» Aim of the exercise
Within the listing below, how many lines hold the string "down"? Only the number should be given.

» Dataset
·····
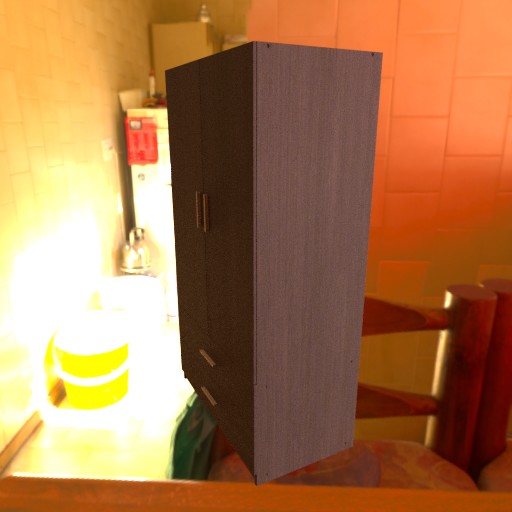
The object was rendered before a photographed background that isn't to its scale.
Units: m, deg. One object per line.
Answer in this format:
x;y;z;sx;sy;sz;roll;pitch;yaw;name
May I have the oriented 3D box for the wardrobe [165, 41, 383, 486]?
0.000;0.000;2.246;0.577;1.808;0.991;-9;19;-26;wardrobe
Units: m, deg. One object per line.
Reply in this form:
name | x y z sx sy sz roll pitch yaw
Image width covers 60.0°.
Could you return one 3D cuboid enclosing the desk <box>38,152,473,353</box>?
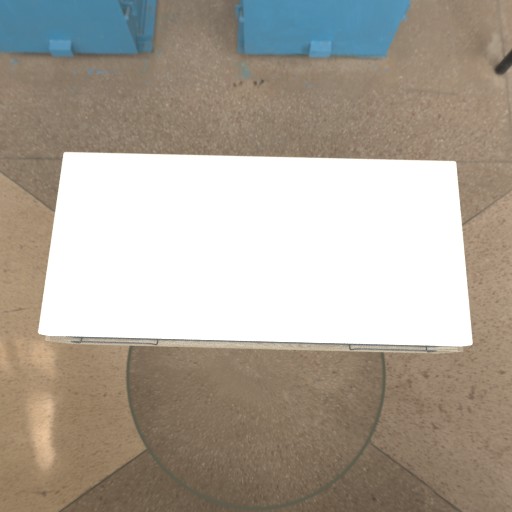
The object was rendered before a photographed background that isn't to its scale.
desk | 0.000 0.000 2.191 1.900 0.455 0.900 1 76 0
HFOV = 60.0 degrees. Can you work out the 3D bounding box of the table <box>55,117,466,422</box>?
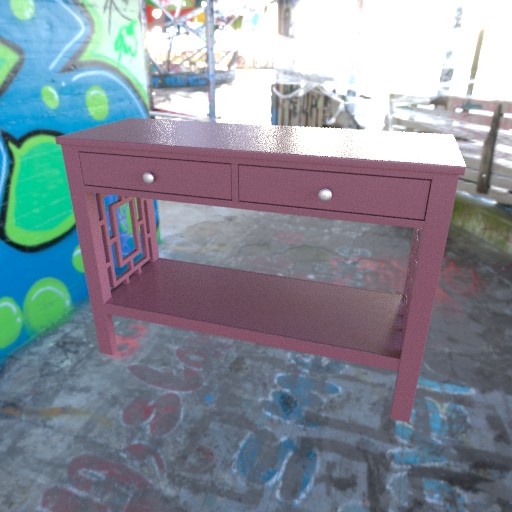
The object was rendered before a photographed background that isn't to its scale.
·····
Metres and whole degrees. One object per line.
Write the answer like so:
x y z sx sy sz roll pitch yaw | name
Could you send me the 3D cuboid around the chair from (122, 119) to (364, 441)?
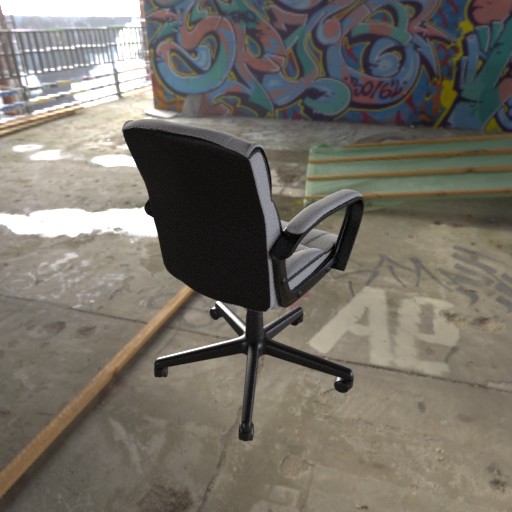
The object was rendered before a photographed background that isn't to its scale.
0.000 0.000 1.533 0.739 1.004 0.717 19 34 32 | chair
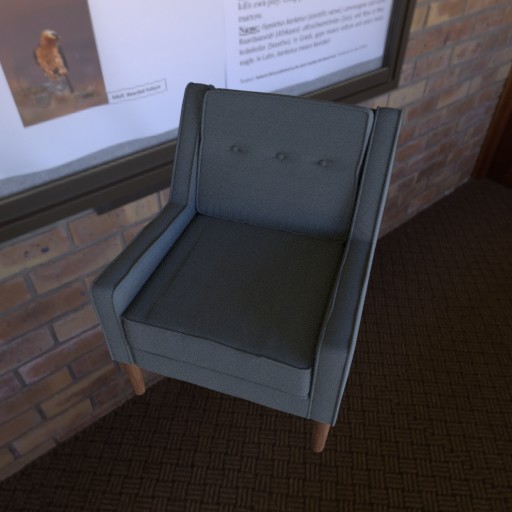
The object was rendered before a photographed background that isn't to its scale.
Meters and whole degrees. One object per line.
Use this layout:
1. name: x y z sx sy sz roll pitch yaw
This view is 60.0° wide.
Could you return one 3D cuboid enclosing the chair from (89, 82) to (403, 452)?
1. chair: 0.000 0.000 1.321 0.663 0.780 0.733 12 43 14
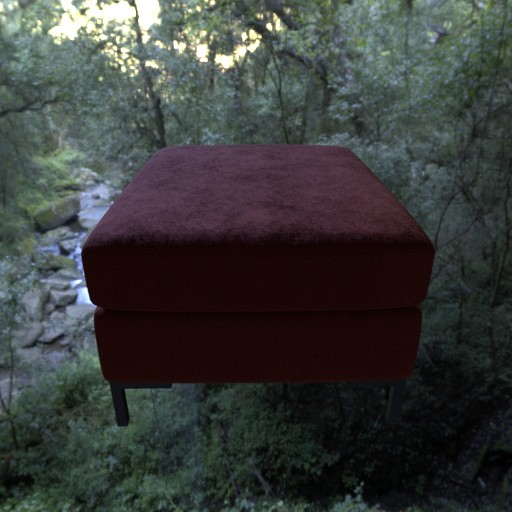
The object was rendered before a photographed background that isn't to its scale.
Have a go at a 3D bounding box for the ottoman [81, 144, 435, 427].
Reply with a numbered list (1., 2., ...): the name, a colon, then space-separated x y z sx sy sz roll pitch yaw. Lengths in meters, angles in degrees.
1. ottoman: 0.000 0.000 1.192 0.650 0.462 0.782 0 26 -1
·····
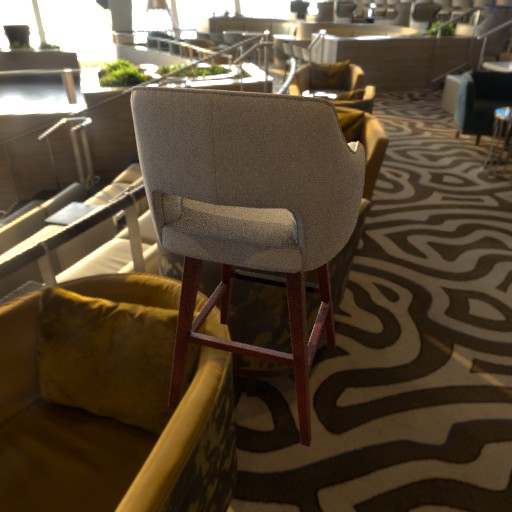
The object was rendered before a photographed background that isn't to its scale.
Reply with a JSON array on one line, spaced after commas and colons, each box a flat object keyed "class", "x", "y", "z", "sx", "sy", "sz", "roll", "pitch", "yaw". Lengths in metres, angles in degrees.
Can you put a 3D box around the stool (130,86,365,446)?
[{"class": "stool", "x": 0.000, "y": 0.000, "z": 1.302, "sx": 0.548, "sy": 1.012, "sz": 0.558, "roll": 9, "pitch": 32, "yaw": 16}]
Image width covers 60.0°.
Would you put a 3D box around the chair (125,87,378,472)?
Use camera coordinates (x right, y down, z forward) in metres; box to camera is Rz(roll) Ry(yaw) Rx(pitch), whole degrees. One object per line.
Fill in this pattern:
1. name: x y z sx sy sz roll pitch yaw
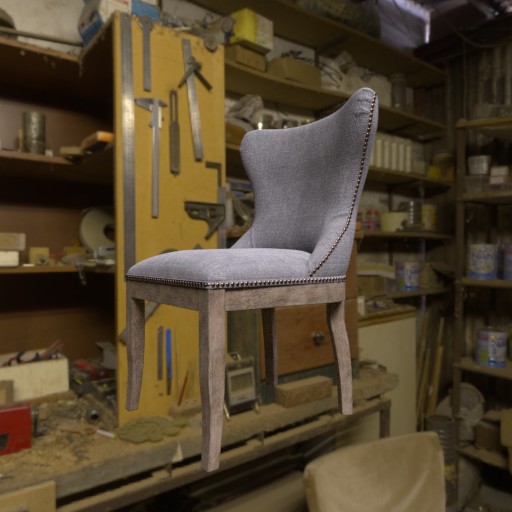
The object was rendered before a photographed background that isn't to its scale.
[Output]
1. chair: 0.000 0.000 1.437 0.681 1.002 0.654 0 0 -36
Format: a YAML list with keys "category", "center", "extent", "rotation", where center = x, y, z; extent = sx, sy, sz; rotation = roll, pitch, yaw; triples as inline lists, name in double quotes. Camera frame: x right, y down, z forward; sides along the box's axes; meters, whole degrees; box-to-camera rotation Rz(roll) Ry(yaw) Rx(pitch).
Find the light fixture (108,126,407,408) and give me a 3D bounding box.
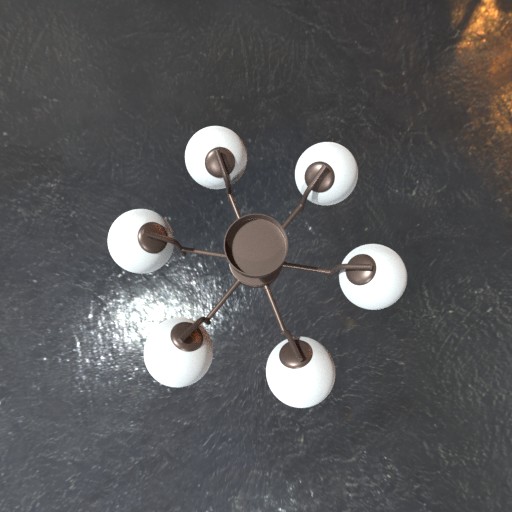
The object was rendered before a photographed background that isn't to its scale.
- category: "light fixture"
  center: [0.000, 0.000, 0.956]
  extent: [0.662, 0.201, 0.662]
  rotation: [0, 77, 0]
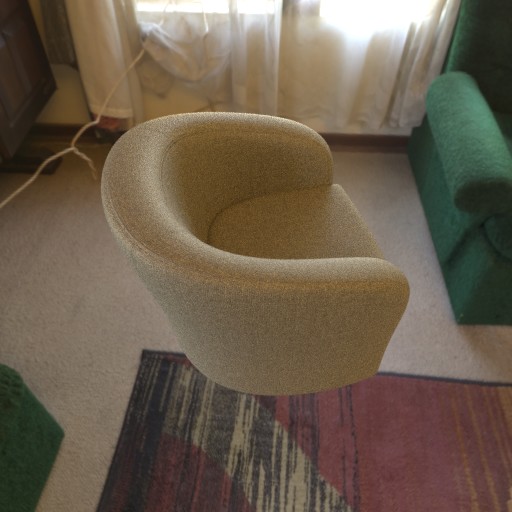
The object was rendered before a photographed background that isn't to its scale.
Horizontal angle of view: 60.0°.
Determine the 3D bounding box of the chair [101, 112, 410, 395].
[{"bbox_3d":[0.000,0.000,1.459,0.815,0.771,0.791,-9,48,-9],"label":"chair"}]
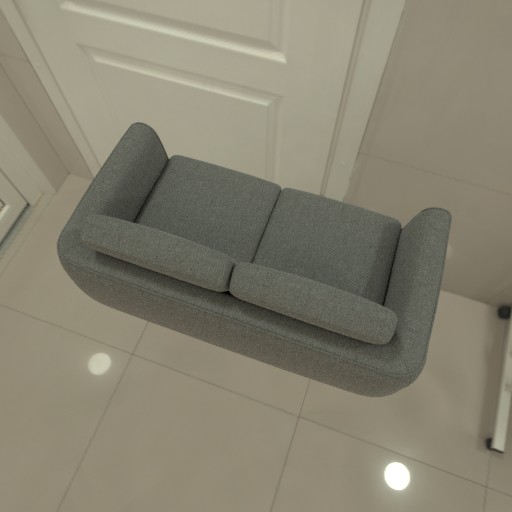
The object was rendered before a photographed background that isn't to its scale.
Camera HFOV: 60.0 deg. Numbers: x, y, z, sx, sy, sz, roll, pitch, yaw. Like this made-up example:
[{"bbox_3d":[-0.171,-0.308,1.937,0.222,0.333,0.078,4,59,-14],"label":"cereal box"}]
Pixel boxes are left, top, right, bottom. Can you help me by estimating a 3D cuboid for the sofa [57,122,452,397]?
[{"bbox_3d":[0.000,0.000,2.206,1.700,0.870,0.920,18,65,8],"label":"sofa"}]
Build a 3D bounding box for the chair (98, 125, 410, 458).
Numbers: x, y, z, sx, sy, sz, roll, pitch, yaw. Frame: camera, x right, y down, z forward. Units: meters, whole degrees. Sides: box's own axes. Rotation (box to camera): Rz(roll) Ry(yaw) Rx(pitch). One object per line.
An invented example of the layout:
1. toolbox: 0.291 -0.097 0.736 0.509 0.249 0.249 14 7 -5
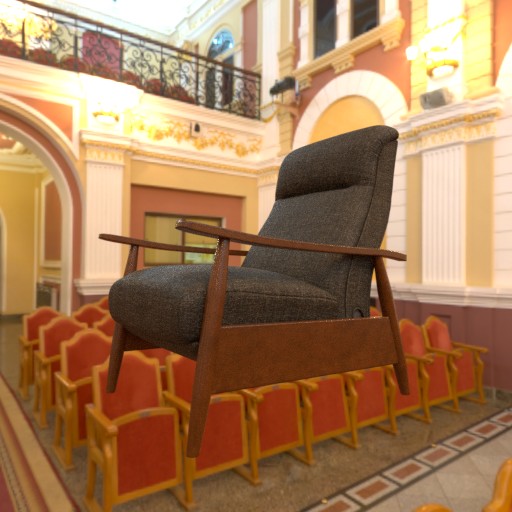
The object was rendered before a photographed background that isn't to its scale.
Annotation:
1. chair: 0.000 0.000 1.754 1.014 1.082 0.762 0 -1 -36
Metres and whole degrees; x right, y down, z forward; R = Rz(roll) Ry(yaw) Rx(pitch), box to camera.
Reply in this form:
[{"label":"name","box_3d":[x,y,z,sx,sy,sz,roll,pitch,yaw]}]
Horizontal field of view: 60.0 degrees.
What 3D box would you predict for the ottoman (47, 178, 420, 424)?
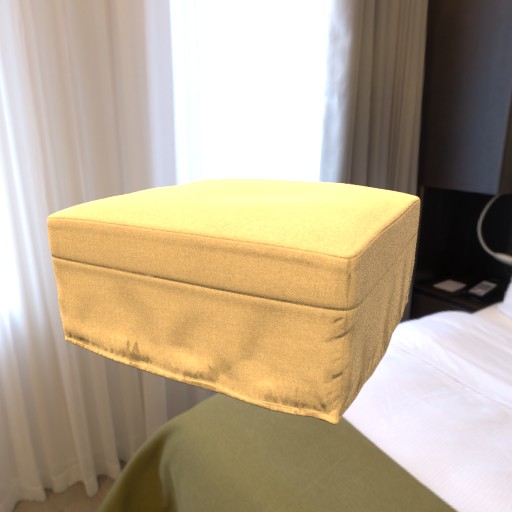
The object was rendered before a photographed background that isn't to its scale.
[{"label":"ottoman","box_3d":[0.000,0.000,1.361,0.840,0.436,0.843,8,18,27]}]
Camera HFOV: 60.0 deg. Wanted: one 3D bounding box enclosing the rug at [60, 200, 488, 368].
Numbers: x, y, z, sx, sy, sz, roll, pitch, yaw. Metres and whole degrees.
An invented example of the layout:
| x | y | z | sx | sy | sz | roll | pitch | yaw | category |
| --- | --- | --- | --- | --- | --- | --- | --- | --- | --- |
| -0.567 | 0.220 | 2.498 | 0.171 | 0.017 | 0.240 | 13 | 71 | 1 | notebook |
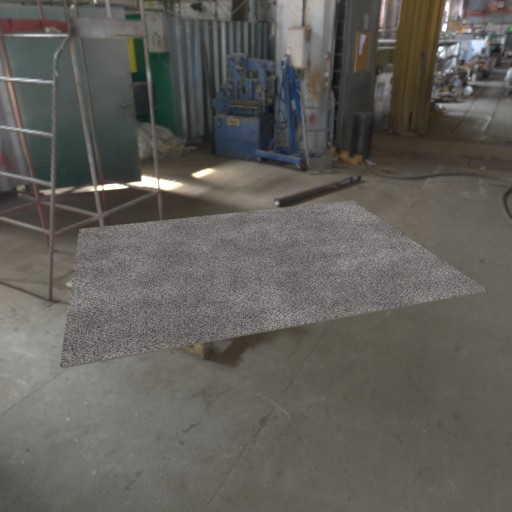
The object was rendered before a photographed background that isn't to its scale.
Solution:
·····
» Response box
4